Professor Yuval Noah Harari (AI and the Future of Humanity (see here)) recently even went so far as to say that one can no longer speak of “artificial” intelligence. It becomes a form of non-human intelligence, something that leaves one bewildered and which is developing even faster.

One thing is certain. AI is going to change the world and the transition is now going to be as big as the difference between the Middle Ages and modern times.

We live in one of the most revolutionary times in history. And Western thought has everything to do with it. It is not at all wise to think that one can walk away from it. One has to build on it. Otherwise, you miss the greatest opportunities in one of the greatest revolutionary times of history.
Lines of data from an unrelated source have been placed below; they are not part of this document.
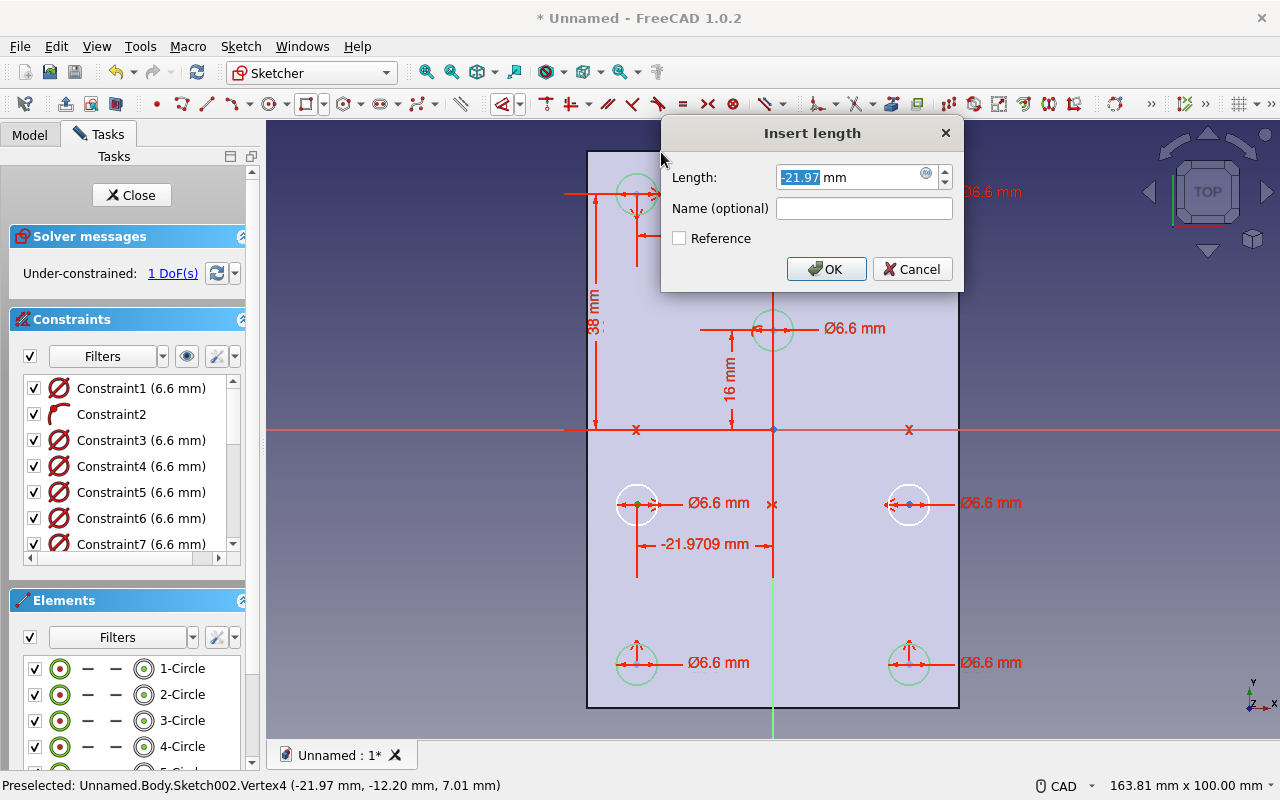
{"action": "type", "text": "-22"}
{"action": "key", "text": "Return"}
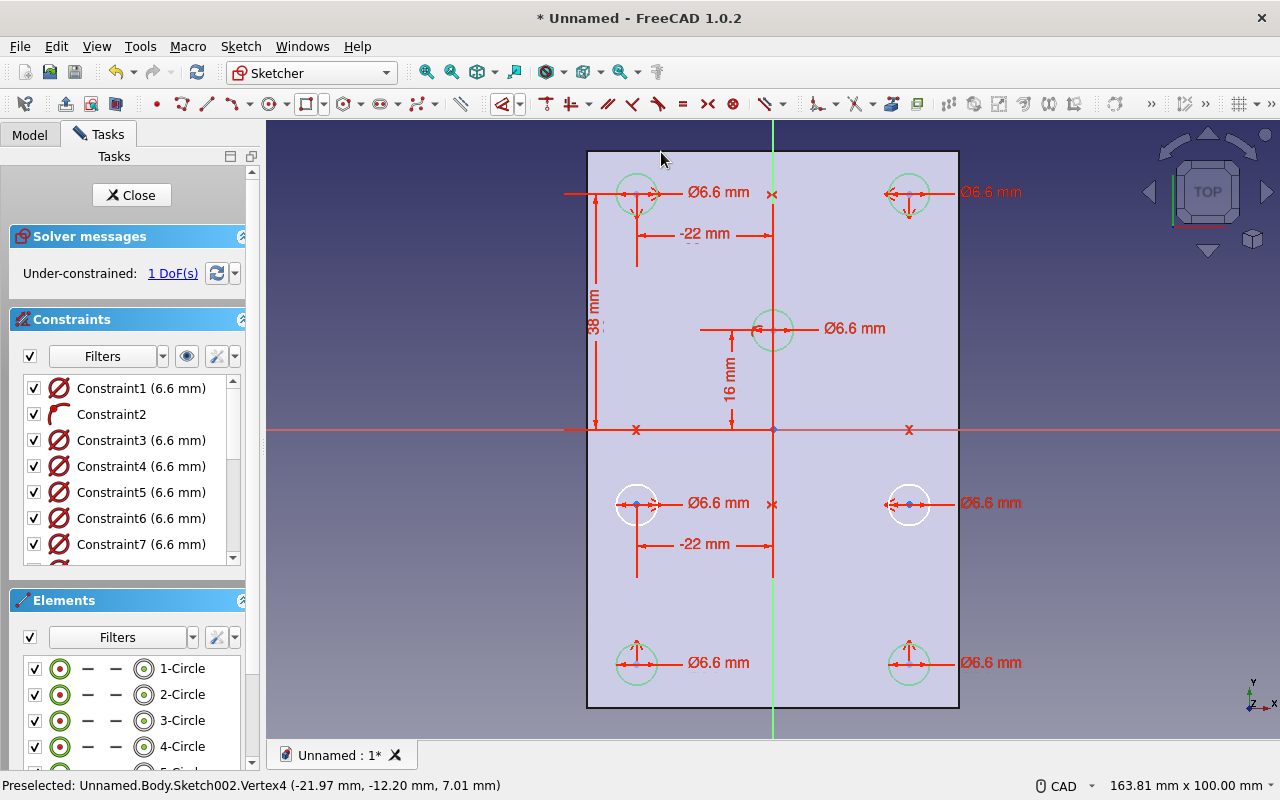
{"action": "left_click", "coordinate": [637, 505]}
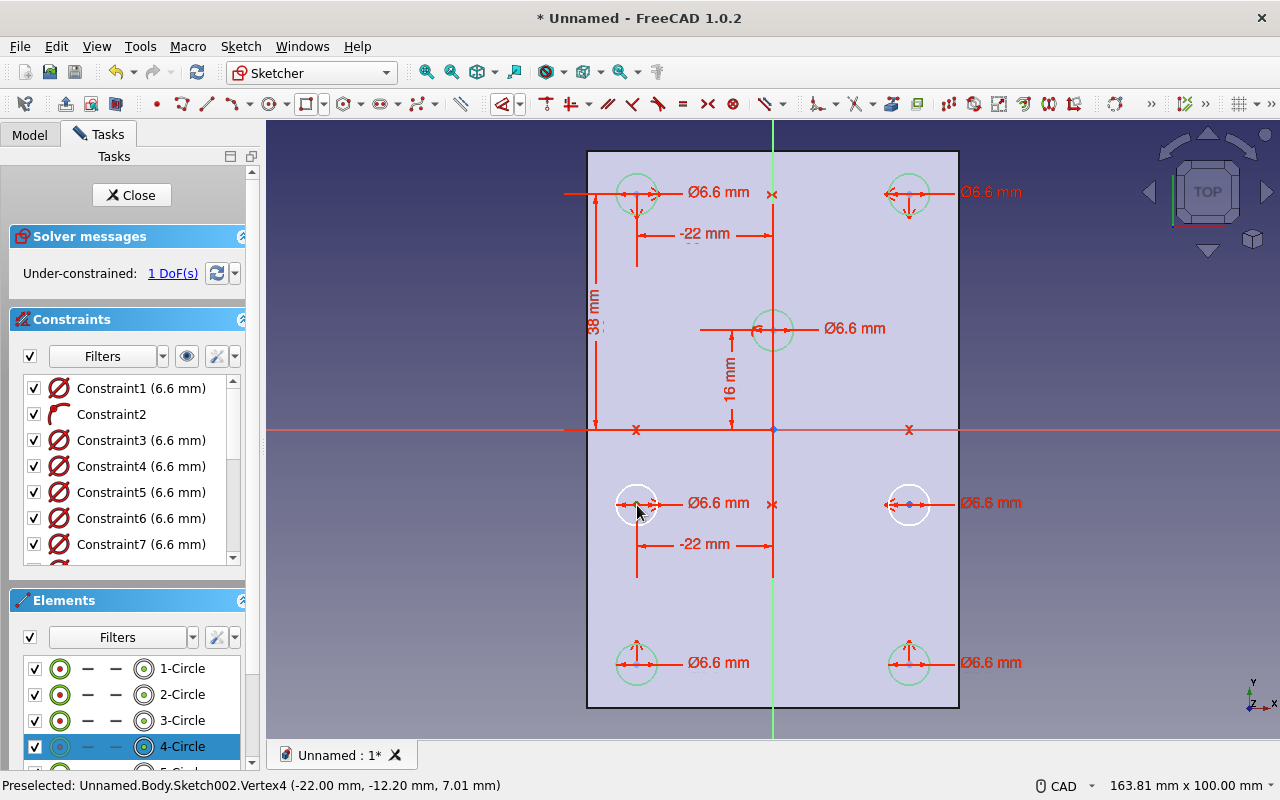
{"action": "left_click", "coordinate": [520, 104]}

One can be proud of the Western heritage. Jordan Peterson, despite many things he sometimes says incorrectly, is correct when he observes that it is not at all wise to want to declare a culture war with Western civilization, or to want to undermine its considerable wealth. Maintain and Build. That should be the motto.

If you haven’t already, ask ChatGPT some questions. About anything. Even in Afrikaans! Ask it to write you a poem about Pretoria’s Jacarandas in September. The more precise your question, the different the answer. And each answer will be different for each person. It is truly remarkable.

  • Kobus Kok is head of department of New Testament Studies at the Evangelische Theologische Faculteit Leuven in Belgium, and Professor Extraordinarius at the University of Pretoria.